Am I saying this from a place of wise and practiced comfort with the art of pie making? Umm…I’m 24 and I’ve made exactly one piecrust in my life. And guess what? It was fine.
My first pie making experience was last week when Mom and I were testing a recipe for this site, actually. Mom offered to make the crust – she’s Southern, so let’s just say her comfort level with cutting cold fat into flour is high (her biscuits rock!). But I insisted that I needed to do it myself so that I could A. learn, and B. figure out what all the fuss is about.
We got the butter, shortening, and cream cheese really cold. (Her crust uses all three…my, my, hips, you’re looking awfully wide today. But apparently the cream cheese makes it more forgiving.) We got the dry ingredients all measured out, and the ice water prepped. The whole process took approximately 10 minutes and we made enough dough for the pie we made that day, the pies we’ll make for Thanksgiving, and any last minute pie cravings that might sneak up on us during the Christmas season.

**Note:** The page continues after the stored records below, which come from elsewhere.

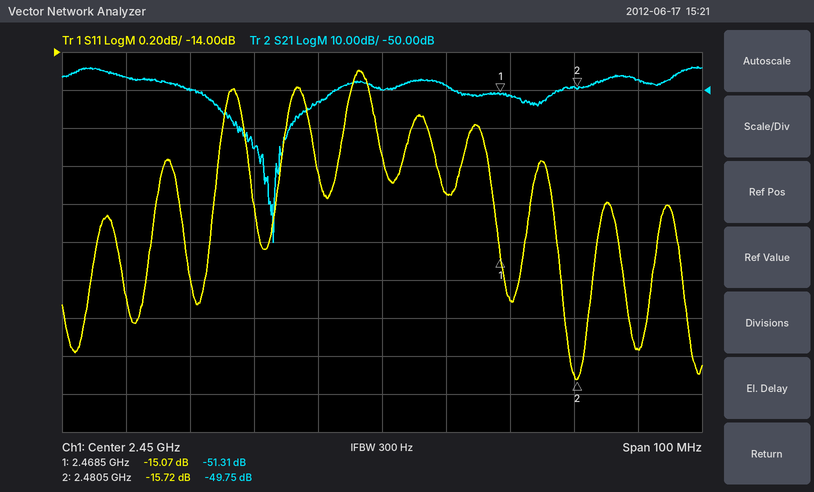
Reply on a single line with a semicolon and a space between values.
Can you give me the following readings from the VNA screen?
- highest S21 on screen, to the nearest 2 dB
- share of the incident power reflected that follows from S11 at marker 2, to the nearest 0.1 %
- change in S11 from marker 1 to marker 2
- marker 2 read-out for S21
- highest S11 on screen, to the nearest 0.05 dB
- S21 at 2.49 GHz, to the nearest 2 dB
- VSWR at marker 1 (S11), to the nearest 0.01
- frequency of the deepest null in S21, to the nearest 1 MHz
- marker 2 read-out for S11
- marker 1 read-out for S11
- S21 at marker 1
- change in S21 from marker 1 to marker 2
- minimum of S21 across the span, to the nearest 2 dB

Yes, we had a food processor, and she was watching over my shoulder the whole time, but I am here to tell you…there is life on the other side. You, too, can make your own piecrust.

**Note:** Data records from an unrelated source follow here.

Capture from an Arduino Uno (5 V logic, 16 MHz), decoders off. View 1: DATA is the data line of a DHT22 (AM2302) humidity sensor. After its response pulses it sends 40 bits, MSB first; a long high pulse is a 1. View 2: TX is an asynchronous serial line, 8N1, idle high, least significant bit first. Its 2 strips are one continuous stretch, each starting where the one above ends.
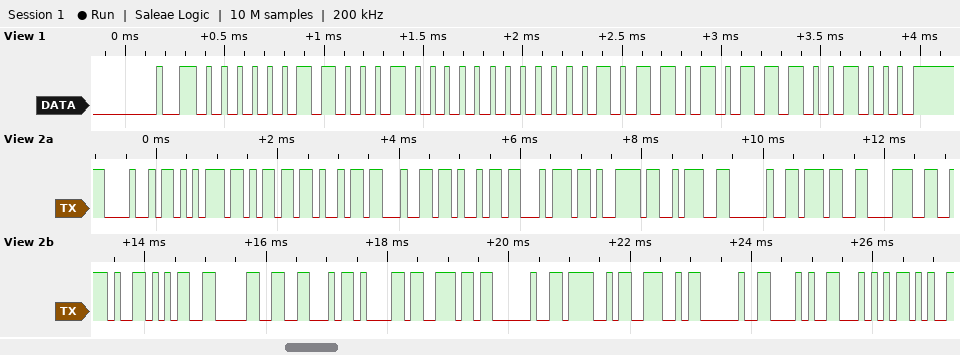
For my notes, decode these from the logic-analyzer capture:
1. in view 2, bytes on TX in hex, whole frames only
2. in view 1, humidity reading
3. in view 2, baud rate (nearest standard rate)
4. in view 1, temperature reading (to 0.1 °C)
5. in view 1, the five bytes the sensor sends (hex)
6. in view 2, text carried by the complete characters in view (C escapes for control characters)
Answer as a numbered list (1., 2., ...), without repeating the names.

1. 0x48 0x75 0x6D 0x69 0x64 0x69 0x74 0x79 0x3A 0x20 0x37 0x38 0x2E 0x35 0x30 0x46 0x61 0x6E 0x20 0x4F 0x4E 0x20 0x28 0x54
2. 78.4 %
3. 9600 baud
4. 18.1 °C
5. 03 10 00 B5 C8
6. "Humidity: 78.50Fan ON (T"

The rest of our pie was a cinch. We cooked down the apples with vanilla, cinnamon, sugar, and a little brandy (yesss!), and we made a quick crumb topping – because I find double crust pies a bit heavy and way less attractive.
So, was my crust sheer, buttery perfection? I don’t even know because the warm apples and crispy crumble topping kept distracting me. But the whole pie was incredible. And I was proud of my crust! It wasn’t tough or soggy and it held up well under the filling.

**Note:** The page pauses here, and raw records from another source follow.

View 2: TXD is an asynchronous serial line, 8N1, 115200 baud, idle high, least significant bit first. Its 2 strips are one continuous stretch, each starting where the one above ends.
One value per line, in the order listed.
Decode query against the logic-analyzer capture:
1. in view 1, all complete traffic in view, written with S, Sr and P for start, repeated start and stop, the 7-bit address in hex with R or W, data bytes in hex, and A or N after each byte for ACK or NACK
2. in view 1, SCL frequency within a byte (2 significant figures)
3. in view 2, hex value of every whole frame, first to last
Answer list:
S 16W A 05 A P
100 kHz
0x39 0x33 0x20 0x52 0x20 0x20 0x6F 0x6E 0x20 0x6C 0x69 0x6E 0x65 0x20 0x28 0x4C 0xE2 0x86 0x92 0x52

Give this pie a shot, but if you’re really stressing about the crust part, I’ll tell you a not-so secret. The great and powerful Pam Anderson has officially endorsed the use of Pillsbury refrigerated pie dough.
Cooking for the holidays should be fun. So, if the thought of making your own crust is giving you ulcers, skip it! But if you feel even vaguely drawn to the idea of doing it – go for it! Who cares if you screw up? Theoretically, everyone sitting around the table loves you…except maybe your mother-in-law. So, just pile more ice cream on top. Trust me, no one will care.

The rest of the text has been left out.